Robert Farkalay of Overland Storage’s August 4 opinion piece in ComputerWorld offers 10 tips for faster backups. He’s thinking of the corporate/network environment, so not all of his suggestions apply to small or home offices, but if you have even a small network (like, say, the Ur-Guru’s), these might be good guidelines.
- Use virtual tape (disk-based backup). Tape is rarely a good solution for small systems and networks anyway.
- Use a fast connection (like iSCSI) between your backup server and backup storage target. (“iWhat?” I hear you ask. No, this is not a new product from Apple. It stands for “internet SCSI” and it’s a gigabit ethernet connection, 10 times faster than your standard 100 Mbps network cable.) This, too, might not be practical, but the second part of tip 2 is having an exclusive connection—don’t share that line with any other device. That you can do with ordinary ethernet. In fact, you can do it with USB or FireWire. The fewer signals your cable has to carry, the faster they’ll go.
- Remove network bottlenecks. Principally, this means using a dedicated server for your backups. Put only backups on it, not anything else. It will back up faster if it’s not also trying to send e-mails and web pages.
- Reconfigure backup jobs to run in parallel. There’s one for the more technically-inclined, though if you have a large enough network to need to worry about this, you’d better either have an IT staff or be a geek yourself. It makes intuitive sense, though: if all the computers can be backed up simultaneously instead of having to go one after the other, the total time spent on backups will be less. And any user can tell you that the time during which a computer is either slowed down or unavailable is one reason backups get postponed.
- Install media server backup on critical servers. What that really means (apart from buying some expensive software) is that the drive that holds the data should connect directly to the backup drive. The further the data has to travel through a network, the longer a backup will take.
- Back up to multi-stream capable disk. That means a specialized backup appliance—no doubt a worthwhile investment for anyone with a large array of computers, but not necessary (or affordable) for home office users.

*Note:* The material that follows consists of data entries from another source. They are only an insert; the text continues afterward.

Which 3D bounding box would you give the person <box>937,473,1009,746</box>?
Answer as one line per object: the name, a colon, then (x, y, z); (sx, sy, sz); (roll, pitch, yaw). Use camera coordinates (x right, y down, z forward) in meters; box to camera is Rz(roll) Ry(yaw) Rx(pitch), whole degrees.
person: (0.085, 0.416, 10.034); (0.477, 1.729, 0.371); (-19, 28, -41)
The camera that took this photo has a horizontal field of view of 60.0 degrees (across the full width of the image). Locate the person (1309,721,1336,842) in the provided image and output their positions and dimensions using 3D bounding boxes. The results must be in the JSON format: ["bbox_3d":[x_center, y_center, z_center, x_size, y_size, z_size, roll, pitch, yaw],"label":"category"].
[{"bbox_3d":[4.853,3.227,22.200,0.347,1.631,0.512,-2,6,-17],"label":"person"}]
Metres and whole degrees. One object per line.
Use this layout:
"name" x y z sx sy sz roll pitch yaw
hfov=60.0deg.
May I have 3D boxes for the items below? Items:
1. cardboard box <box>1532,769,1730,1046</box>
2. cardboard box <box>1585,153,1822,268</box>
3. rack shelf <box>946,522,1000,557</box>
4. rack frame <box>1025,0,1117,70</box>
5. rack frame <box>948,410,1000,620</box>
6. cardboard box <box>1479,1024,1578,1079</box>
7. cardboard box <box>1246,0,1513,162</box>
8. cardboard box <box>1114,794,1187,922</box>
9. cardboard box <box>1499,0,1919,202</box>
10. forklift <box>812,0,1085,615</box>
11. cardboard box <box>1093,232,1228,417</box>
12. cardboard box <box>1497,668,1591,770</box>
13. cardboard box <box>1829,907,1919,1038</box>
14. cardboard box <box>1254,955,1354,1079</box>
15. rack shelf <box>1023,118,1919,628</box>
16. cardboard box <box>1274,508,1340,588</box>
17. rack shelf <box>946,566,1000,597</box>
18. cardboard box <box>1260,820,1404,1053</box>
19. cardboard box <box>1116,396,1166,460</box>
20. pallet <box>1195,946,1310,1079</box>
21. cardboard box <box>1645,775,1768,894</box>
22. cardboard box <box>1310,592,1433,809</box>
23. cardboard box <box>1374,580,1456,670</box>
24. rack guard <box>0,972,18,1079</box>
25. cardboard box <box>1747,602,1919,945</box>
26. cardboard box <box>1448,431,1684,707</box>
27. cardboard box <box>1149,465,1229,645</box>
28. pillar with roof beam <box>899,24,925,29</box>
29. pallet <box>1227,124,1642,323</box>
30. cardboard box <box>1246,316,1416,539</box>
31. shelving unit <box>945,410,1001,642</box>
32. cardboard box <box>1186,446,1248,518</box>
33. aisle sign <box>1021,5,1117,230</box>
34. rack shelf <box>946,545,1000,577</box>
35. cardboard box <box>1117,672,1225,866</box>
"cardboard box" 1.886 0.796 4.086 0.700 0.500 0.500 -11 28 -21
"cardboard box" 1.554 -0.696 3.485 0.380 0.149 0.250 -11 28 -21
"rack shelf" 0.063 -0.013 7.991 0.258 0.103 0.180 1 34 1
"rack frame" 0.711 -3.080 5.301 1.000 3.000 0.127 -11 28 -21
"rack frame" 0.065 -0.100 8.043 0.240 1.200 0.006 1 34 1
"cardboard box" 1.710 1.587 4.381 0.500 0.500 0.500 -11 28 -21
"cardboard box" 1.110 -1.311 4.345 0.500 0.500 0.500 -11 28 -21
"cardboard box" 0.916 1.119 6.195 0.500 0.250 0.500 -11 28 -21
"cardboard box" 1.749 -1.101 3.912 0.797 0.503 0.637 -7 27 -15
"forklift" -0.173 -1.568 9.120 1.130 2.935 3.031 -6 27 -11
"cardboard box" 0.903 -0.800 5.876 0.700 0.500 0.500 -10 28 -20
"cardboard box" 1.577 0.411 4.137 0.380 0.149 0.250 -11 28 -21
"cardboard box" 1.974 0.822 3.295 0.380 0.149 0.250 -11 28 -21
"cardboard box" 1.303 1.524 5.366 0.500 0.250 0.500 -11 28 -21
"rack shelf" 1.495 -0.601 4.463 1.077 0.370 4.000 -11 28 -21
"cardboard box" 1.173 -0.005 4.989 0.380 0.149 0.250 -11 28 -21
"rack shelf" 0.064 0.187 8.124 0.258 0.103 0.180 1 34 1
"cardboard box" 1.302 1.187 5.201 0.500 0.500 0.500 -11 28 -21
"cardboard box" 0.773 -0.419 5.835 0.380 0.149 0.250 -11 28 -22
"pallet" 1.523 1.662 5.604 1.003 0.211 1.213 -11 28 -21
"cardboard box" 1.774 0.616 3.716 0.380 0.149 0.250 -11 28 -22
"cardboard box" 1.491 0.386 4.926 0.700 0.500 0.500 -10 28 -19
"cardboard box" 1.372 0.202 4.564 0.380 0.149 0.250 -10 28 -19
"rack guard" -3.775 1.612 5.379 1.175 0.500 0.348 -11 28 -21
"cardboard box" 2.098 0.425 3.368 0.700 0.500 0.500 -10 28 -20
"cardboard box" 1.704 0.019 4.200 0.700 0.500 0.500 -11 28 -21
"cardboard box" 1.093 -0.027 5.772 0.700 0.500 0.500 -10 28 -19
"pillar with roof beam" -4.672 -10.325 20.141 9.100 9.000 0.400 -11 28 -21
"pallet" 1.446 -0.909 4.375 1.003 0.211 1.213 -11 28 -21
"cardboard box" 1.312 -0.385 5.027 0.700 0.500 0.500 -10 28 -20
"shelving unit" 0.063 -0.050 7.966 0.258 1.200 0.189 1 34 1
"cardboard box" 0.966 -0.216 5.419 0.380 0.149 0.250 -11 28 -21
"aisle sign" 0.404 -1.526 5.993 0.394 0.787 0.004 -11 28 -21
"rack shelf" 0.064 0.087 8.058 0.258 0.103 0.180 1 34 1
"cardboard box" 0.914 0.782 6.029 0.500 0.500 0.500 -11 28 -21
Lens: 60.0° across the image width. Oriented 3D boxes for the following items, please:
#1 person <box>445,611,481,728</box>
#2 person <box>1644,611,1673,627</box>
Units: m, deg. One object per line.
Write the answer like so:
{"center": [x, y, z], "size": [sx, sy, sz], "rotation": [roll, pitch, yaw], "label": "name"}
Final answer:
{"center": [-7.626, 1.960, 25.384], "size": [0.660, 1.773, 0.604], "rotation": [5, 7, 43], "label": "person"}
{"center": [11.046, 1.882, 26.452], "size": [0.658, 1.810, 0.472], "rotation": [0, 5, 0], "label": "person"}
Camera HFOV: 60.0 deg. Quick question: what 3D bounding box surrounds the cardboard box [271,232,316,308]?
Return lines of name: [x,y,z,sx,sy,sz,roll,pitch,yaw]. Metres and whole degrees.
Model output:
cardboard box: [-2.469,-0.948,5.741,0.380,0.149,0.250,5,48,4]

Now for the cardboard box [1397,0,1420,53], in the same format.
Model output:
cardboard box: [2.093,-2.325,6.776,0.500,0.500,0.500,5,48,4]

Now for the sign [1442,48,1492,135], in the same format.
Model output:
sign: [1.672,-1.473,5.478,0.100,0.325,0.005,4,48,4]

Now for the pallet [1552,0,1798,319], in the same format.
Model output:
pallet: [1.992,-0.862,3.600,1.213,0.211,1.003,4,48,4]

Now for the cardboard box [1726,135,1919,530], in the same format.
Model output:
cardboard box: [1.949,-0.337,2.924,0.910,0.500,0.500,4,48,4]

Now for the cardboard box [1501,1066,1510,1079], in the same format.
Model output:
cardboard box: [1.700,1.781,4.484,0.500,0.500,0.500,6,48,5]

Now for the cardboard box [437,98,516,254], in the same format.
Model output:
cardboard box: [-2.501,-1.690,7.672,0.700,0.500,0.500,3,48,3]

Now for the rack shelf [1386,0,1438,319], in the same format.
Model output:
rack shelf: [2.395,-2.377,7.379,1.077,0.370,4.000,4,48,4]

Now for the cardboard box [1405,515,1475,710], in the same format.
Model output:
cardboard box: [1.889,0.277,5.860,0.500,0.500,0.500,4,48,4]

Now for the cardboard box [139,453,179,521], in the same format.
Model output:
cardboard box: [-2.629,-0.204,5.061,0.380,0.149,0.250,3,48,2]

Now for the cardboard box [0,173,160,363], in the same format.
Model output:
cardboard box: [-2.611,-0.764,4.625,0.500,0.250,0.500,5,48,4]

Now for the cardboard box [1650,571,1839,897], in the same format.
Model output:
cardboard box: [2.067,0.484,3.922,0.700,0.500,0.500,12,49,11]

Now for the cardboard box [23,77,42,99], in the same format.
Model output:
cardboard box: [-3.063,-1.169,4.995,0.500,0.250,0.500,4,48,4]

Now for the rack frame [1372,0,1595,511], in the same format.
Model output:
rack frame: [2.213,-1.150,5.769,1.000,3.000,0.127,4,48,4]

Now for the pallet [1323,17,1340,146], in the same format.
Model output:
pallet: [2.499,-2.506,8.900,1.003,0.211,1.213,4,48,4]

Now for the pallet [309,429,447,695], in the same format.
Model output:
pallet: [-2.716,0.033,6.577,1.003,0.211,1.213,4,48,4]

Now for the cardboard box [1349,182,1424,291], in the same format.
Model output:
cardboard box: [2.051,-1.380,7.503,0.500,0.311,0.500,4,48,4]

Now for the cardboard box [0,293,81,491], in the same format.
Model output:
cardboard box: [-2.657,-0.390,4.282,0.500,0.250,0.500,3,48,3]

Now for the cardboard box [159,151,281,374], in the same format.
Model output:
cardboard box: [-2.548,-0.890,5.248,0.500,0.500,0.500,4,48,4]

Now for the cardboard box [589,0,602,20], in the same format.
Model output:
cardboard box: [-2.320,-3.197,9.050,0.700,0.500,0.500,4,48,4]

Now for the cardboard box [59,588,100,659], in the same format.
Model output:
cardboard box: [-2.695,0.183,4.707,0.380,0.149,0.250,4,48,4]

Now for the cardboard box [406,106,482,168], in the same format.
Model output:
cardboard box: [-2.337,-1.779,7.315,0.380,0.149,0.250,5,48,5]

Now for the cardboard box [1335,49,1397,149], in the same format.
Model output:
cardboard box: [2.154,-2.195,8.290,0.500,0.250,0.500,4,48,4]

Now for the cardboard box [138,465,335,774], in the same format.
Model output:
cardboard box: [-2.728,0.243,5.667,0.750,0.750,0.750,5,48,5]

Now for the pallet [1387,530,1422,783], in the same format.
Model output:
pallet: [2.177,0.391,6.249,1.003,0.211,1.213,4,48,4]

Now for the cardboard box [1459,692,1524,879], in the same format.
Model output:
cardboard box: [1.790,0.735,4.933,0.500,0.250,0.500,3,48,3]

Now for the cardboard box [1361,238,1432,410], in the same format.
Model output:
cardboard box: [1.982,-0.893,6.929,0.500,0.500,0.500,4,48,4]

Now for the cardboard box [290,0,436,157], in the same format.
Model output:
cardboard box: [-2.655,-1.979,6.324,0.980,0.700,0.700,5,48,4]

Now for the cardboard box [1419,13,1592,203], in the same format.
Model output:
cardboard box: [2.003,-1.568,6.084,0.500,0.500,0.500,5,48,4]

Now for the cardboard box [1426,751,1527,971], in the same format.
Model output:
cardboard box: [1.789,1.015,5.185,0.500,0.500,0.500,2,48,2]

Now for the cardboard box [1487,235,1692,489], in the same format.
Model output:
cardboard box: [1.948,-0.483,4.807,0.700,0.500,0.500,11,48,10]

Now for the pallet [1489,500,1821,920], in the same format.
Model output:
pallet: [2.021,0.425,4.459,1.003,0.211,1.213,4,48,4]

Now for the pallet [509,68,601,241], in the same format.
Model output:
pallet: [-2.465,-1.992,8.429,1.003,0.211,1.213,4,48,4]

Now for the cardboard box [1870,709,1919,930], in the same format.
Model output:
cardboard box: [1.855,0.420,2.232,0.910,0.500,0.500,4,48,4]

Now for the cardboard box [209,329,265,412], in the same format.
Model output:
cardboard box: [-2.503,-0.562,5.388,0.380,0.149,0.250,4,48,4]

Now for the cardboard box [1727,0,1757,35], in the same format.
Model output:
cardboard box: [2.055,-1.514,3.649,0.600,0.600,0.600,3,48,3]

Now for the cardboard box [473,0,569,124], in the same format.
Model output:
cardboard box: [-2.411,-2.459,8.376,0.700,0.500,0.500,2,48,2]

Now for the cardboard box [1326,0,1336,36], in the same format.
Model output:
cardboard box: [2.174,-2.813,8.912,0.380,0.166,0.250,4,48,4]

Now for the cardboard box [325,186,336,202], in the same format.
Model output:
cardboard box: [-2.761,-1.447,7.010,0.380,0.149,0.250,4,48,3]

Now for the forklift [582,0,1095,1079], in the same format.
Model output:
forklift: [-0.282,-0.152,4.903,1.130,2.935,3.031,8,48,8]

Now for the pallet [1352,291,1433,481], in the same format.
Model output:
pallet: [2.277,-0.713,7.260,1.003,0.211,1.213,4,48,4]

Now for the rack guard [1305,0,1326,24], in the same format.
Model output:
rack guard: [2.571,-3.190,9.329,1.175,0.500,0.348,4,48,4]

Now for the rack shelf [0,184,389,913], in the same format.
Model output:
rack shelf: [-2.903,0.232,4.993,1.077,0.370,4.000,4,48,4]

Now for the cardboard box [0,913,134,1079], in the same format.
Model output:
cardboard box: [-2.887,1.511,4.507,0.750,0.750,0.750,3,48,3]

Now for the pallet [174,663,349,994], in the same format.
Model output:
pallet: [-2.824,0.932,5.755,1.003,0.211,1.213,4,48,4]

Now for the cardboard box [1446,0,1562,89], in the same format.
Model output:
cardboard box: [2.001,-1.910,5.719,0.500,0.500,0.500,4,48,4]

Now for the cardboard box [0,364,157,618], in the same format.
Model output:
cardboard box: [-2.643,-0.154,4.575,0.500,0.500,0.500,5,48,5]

- Select the backup software best suited to the workload. Now there’s a tip anyone can use. The kind of backup software (or hardware) you use really depends on the data you have to back up. That’s why there’s no single answer to the question “What’s the best backup solution for me?”
- Use a backup server with plenty of horsepower. If you turn your half-dead Pentium II into the backup server, the backups are going to be slow. For those of us who really don’t need a backup server at all, only a drive, it’s worth bearing in mind that backups to a 2.5″ (laptop) or smaller drive will be slower than to a 3.5″ (desktop) sized drive, because most laptop drives run at 4200 rpm, whereas desktop drivees run at 7200 rpm.
- Use “image backup” to back up small files. If you backed up every e-mail message individually, it would take forever, even though the individual messages may only be a few K each. Most e-mail client programs store your messages in some kind of groupings, like Eudora’s mbox files. Outlook lumps your mail in with your calendar, contacts, tasks, and notes, not to mention your attachments, in your PST file, creating one large file to back up. I’m not sure what kind of “image backup” software or function Farkaly means here, but the principle is clear.
- Use fast disk (preferably external RAID) on application servers. So far the emphasis has been on speed at the receiving end of the backups, but speed at the sending end is also good. Read speed matters as much as write speed. Backing up from a laptop is going to be slower than backing up from a desktop (and doubly slow if you’re going from a laptop to a 2.5″ notebook drive, though it actually seems quite fast enough to me if done through FireWire or USB2).
So thanks to Robert Farkaly and ComputerWorld for the thought-provoking suggestions. They may not be useful to all the readers of this blog, but it’s worth considering their parallels in the SOHO computing world. I can guarantee that if you switch from USB 1.1 to USB 2.0, you’ll notice a difference, and if you upgrade your 4x CD-writer to a 48x CD-writer, you’ll be amazed.